In this issue of Blood, Gawad et al provide an unprecedented look at the clonal diversity of pediatric B-precursor acute lymphoblastic leukemia (ALL).1
Although the presence of coexisting subclones in B-precursor ALL at diagnosis has been previously well reported, using deep sequencing of the IgH locus Gawad and colleagues demonstrate that individual patient samples had up to 4000 unique IgH sequences, suggesting an unexpected degree of clonal heterogeneity (see figure). Interestingly, clonal evolution often showed evidence of allelic exclusion, retained stable JH sequences with divergent VH, and adjacent NDN regions, consistent with prolific aberrant rearrangement during early leukemogenesis.
Frequency of subclones at diagnosis in B-precursor ALL. Each cell shown represents a distinct subclone based on IgH sequencing. Arrow thickness and percentage reflect the relative fraction of patient samples with the indicated number of distinct IgH clones.
Frequency of subclones at diagnosis in B-precursor ALL. Each cell shown represents a distinct subclone based on IgH sequencing. Arrow thickness and percentage reflect the relative fraction of patient samples with the indicated number of distinct IgH clones.

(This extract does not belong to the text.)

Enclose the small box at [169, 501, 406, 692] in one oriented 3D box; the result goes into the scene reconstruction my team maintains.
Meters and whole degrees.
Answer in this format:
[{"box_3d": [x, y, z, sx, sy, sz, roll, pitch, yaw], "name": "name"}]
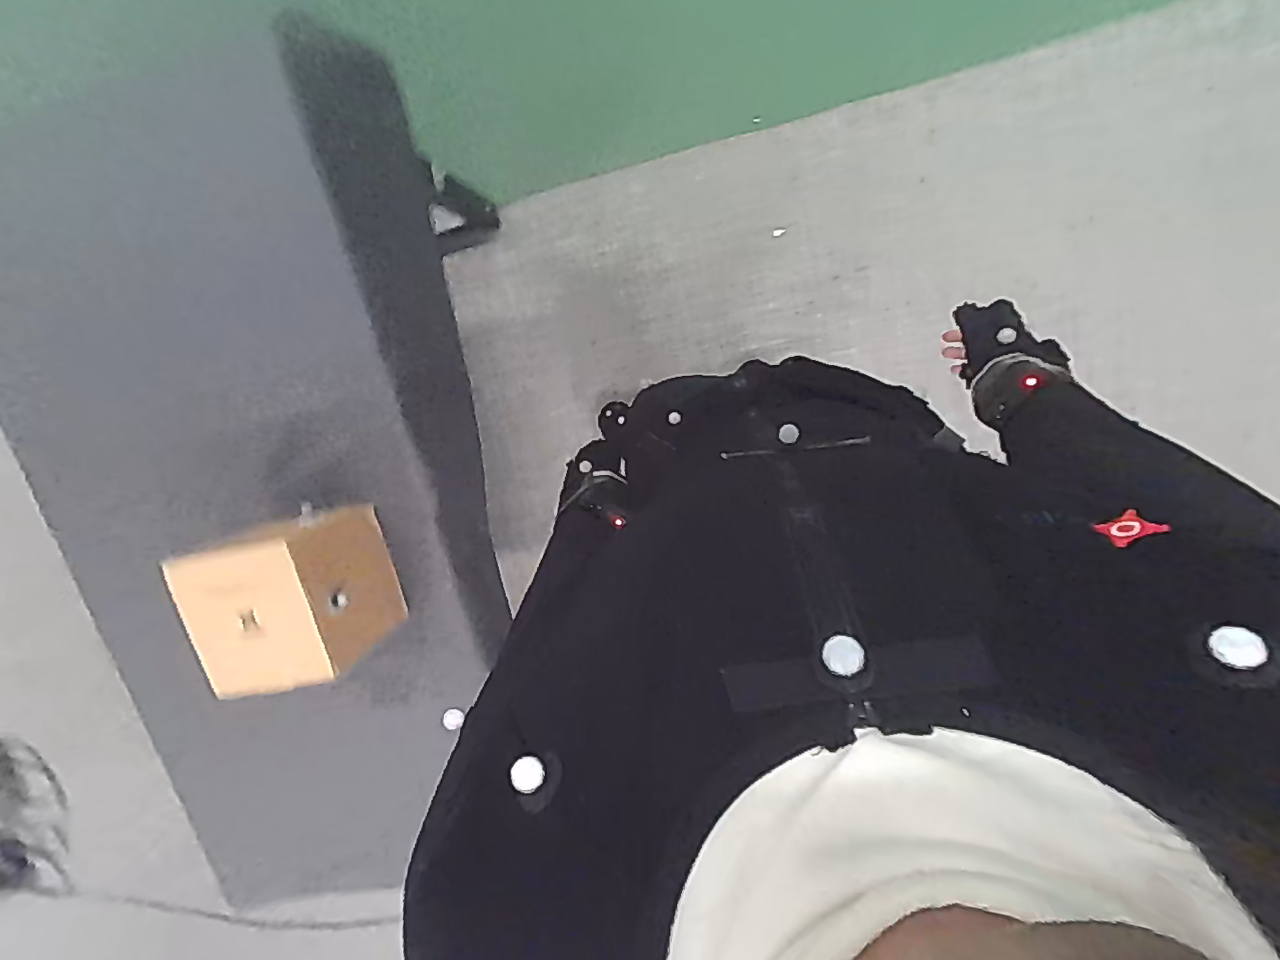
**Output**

The critical contribution of this study is the revelation that B-precursor ALL is commonly composed of low frequency subclones, in some cases numbering in the thousands. Relevant to this finding, a report by Mullighan et al revealed that 52% of relapsed ALL clones were derived from minor “ancestral” subclones present at diagnosis, using genomic copy number abnormalities (CNAs) and lesion-specific (PCR) at diagnosis and relapse.2 The findings of Gawad et al provide strong evidence that clonal heterogeneity at diagnosis is the rule, rather than the exception, and when combined with the findings of Mullighan et al suggests that for most ALL patients treatment success should not be measured by loss of the predominant clone at diagnosis, but rather by effects on numerous under-appreciated subclones. At this time we cannot predict whether these subclones will result in increased relapse, and whether the dramatic heterogeneity in IgH sequences represents biologically distinct subclones that have additional heterogeneity beyond the IgH sequences. Indeed, we do not yet identify these rare but frequent subclones prospectively in patients.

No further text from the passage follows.